Aim of the exercise
Exactly as given, write out the lines from the one containing "And now the person (1075,639,1155,881), please." through the end of the listing, with both ends included and nothing else.

Material for the task
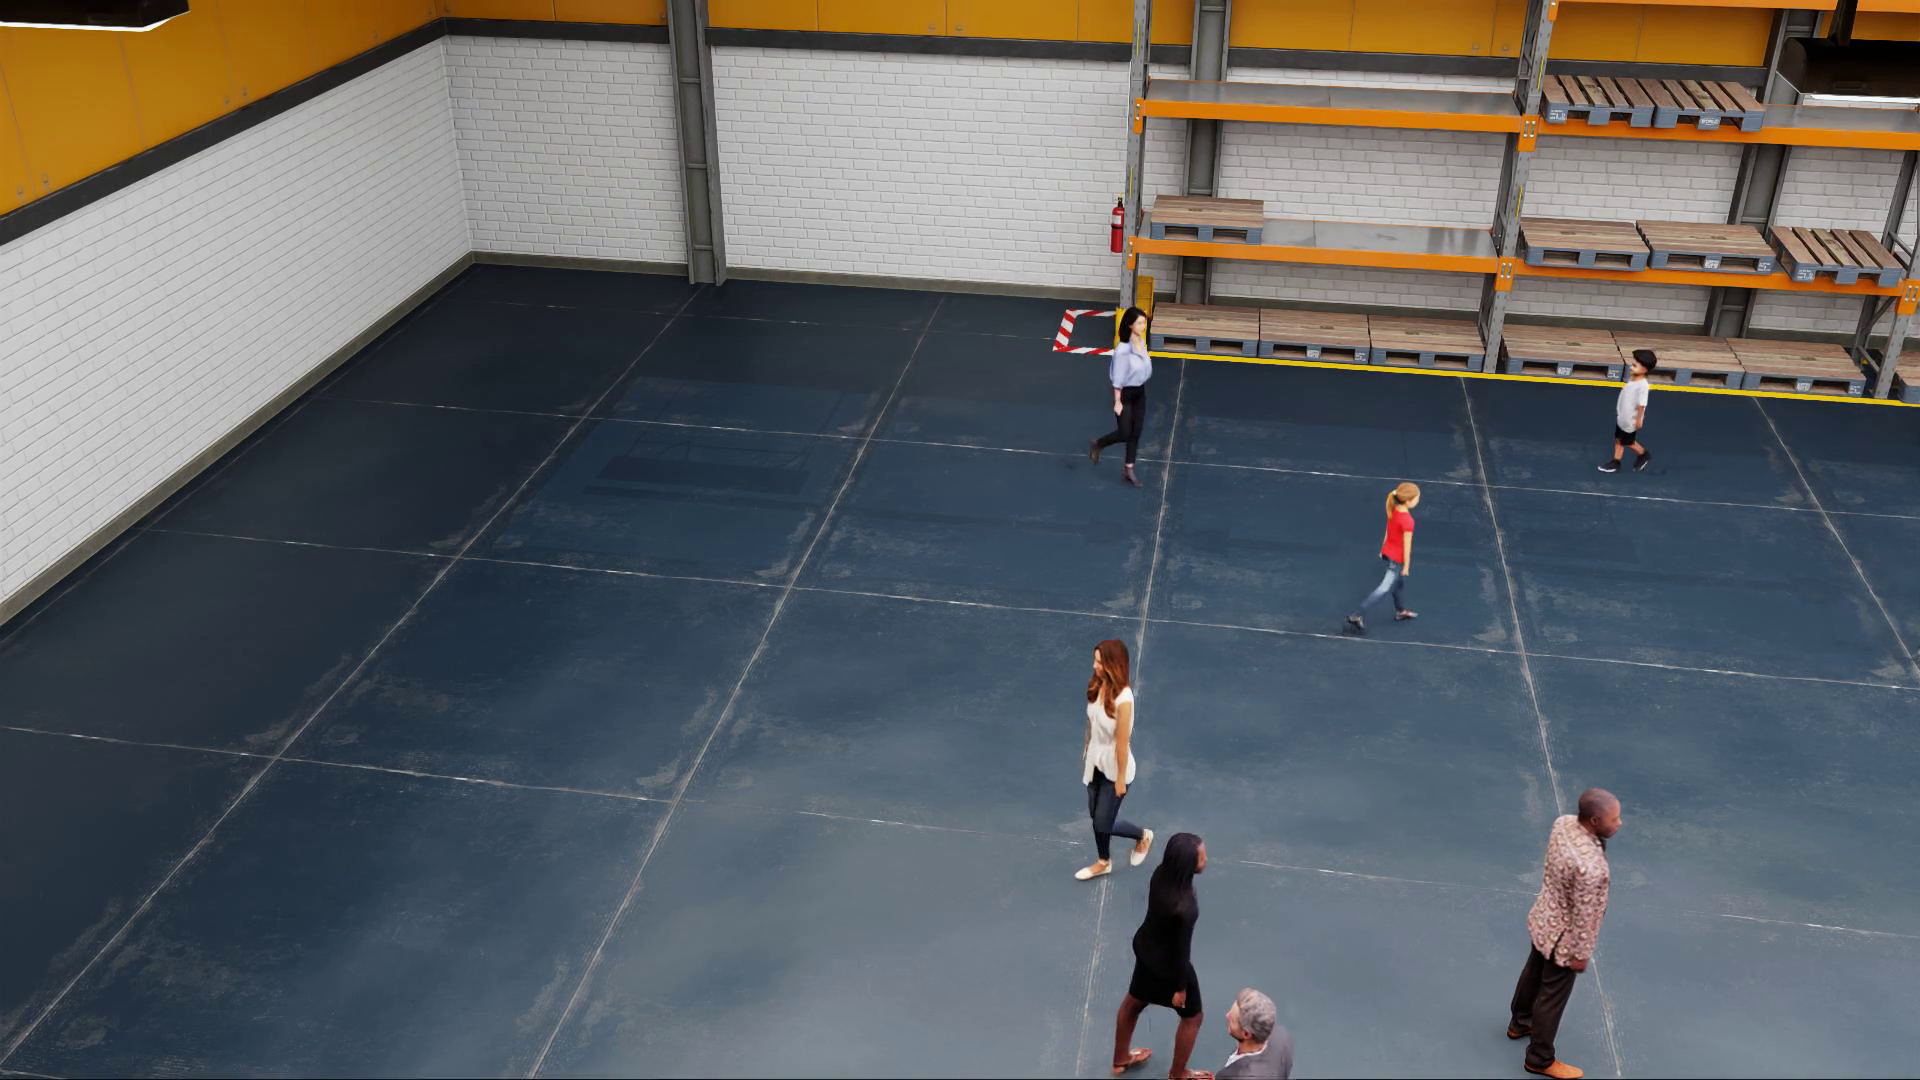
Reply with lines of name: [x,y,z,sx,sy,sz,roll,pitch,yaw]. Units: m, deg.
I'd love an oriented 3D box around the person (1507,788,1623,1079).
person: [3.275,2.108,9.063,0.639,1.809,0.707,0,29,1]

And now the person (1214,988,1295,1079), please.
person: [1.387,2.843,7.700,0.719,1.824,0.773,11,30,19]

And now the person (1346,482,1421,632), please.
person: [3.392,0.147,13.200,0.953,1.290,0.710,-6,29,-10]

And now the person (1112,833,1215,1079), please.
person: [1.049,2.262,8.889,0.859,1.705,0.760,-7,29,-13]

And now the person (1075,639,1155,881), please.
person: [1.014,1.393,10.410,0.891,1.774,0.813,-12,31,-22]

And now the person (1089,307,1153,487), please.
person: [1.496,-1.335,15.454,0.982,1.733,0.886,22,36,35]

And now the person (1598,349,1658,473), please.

Exercise response
And now the person (1075,639,1155,881), please.
person: [1.014,1.393,10.410,0.891,1.774,0.813,-12,31,-22]

And now the person (1089,307,1153,487), please.
person: [1.496,-1.335,15.454,0.982,1.733,0.886,22,36,35]

And now the person (1598,349,1658,473), please.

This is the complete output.